=== Material to process ===

- - - -

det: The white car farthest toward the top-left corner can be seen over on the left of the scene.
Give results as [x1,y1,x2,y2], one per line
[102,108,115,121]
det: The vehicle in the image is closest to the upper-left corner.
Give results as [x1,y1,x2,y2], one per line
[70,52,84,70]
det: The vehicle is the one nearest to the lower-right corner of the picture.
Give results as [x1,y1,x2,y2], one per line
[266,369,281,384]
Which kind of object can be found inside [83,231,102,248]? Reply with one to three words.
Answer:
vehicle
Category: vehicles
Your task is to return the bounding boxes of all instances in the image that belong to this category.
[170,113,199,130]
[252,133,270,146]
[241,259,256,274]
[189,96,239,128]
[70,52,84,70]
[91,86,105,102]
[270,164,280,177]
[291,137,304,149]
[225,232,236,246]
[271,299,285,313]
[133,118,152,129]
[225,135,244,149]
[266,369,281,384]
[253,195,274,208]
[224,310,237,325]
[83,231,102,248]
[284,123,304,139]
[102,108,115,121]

- - - -

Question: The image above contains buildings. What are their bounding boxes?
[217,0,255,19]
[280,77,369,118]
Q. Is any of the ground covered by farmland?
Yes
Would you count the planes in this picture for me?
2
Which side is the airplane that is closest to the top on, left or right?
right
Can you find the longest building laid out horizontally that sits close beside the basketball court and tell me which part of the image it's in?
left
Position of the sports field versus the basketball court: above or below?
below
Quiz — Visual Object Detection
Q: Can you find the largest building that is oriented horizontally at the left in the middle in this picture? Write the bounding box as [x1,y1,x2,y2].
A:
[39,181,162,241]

- - - -

=== What the task requires ===
A line belongs in the answer if it contains the word "corner"; please copy each such line from the material.

=== Response to the exercise ===
det: The white car farthest toward the top-left corner can be seen over on the left of the scene.
det: The vehicle in the image is closest to the upper-left corner.
det: The vehicle is the one nearest to the lower-right corner of the picture.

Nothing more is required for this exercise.